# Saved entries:
****************************************

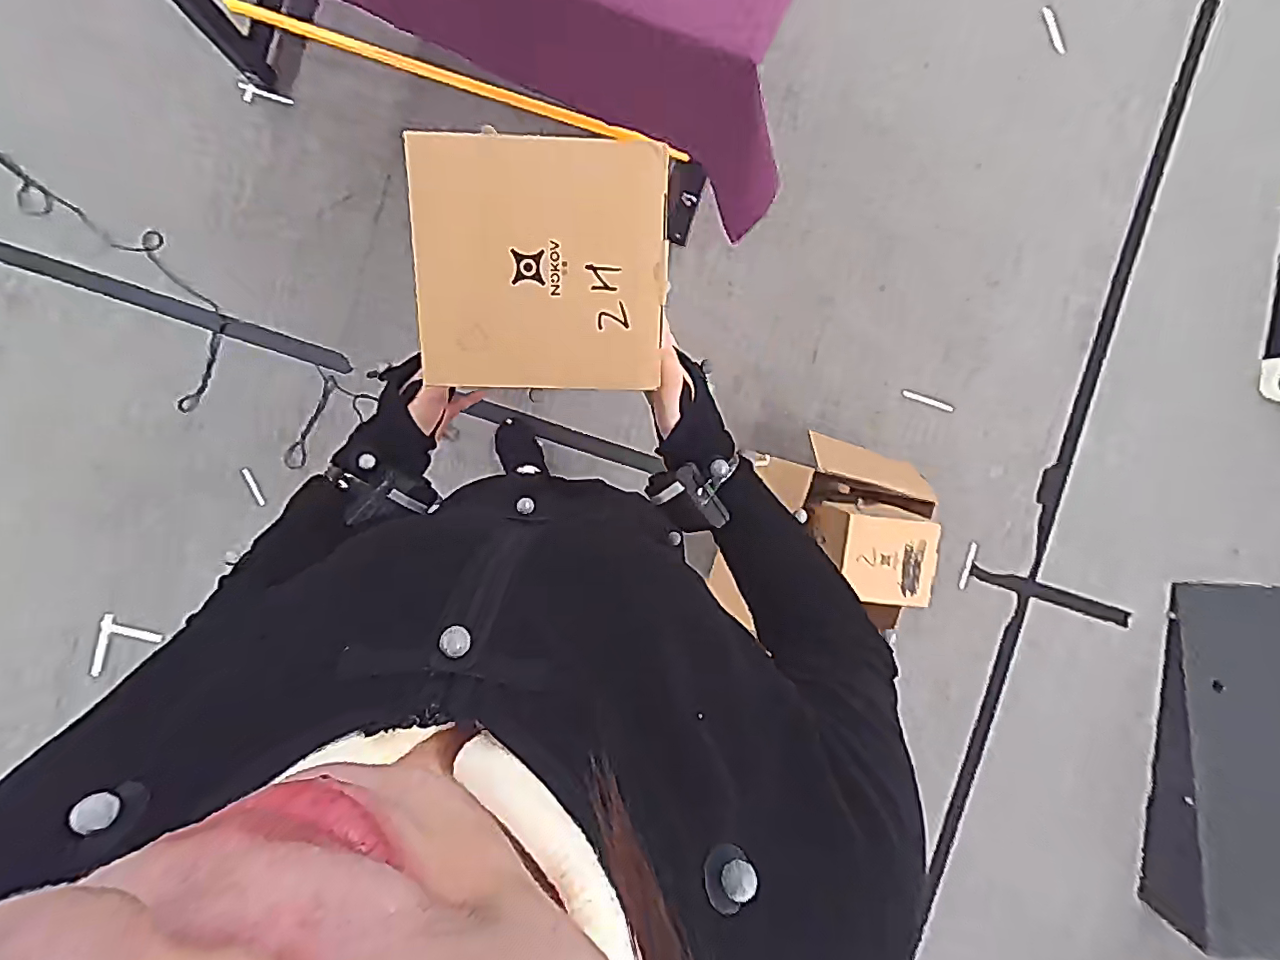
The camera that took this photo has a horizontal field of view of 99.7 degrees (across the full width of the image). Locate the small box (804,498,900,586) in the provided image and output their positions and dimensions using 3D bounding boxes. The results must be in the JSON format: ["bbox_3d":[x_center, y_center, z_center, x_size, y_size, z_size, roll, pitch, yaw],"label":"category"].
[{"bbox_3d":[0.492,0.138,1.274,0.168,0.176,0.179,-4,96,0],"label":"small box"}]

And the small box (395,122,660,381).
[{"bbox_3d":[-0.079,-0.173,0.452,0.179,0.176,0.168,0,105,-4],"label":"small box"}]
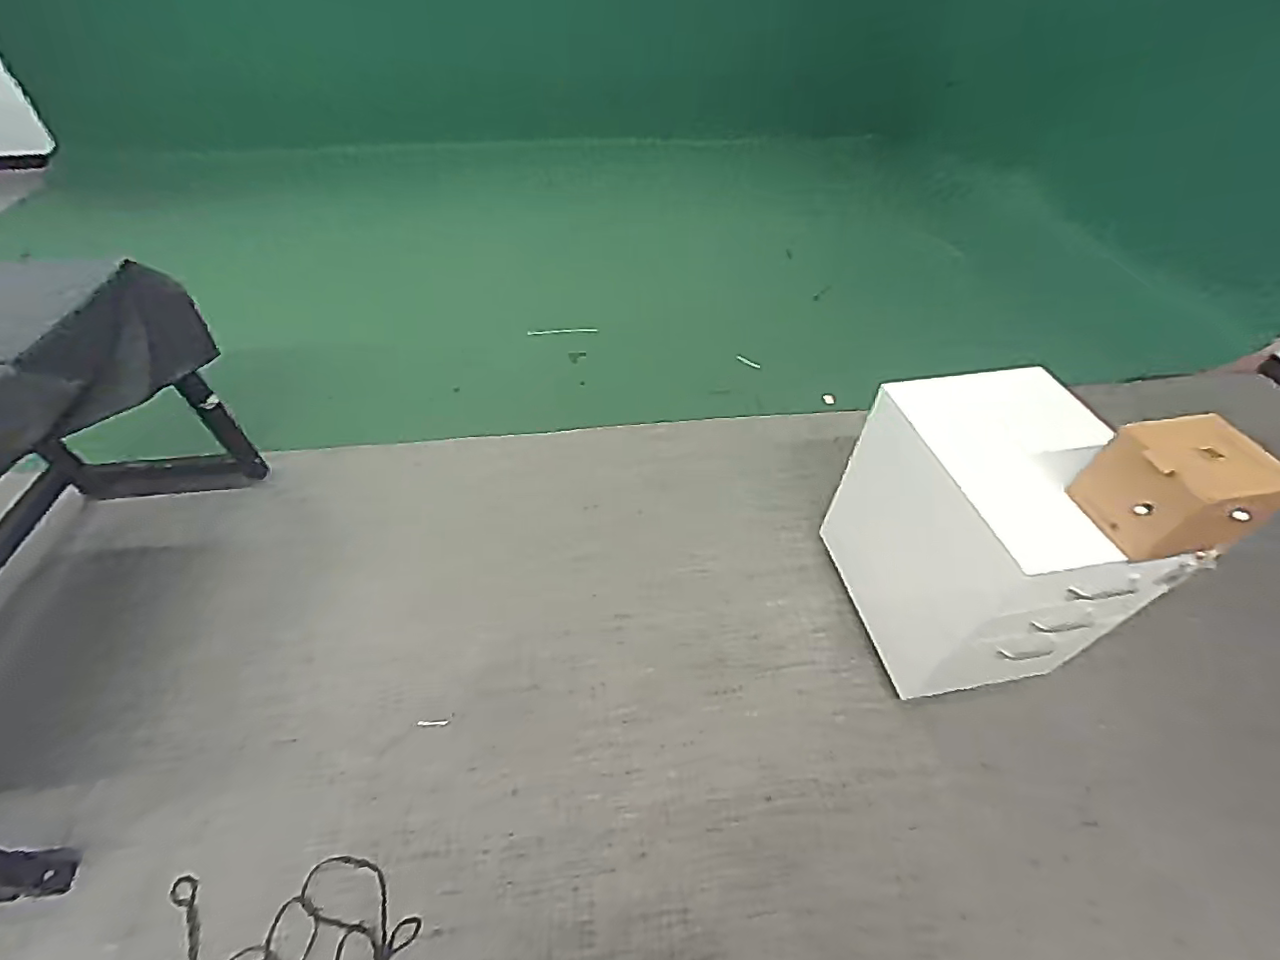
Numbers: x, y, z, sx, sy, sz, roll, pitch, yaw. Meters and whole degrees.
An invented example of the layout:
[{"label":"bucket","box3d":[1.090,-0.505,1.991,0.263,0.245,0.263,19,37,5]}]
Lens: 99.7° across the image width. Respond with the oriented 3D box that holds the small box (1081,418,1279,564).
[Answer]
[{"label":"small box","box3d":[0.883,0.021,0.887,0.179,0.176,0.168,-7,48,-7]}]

****************************************

# DIRECTIONS FOR THIS TASK:
Return every line above exactly, omitting images.

# RESULT OF THIS TASK:
The camera that took this photo has a horizontal field of view of 99.7 degrees (across the full width of the image). Locate the small box (804,498,900,586) in the provided image and output their positions and dimensions using 3D bounding boxes. The results must be in the JSON format: ["bbox_3d":[x_center, y_center, z_center, x_size, y_size, z_size, roll, pitch, yaw],"label":"category"].
[{"bbox_3d":[0.492,0.138,1.274,0.168,0.176,0.179,-4,96,0],"label":"small box"}]

And the small box (395,122,660,381).
[{"bbox_3d":[-0.079,-0.173,0.452,0.179,0.176,0.168,0,105,-4],"label":"small box"}]
Numbers: x, y, z, sx, sy, sz, roll, pitch, yaw. Meters and whole degrees.
An invented example of the layout:
[{"label":"bucket","box3d":[1.090,-0.505,1.991,0.263,0.245,0.263,19,37,5]}]
Lens: 99.7° across the image width. Respond with the oriented 3D box that holds the small box (1081,418,1279,564).
[Answer]
[{"label":"small box","box3d":[0.883,0.021,0.887,0.179,0.176,0.168,-7,48,-7]}]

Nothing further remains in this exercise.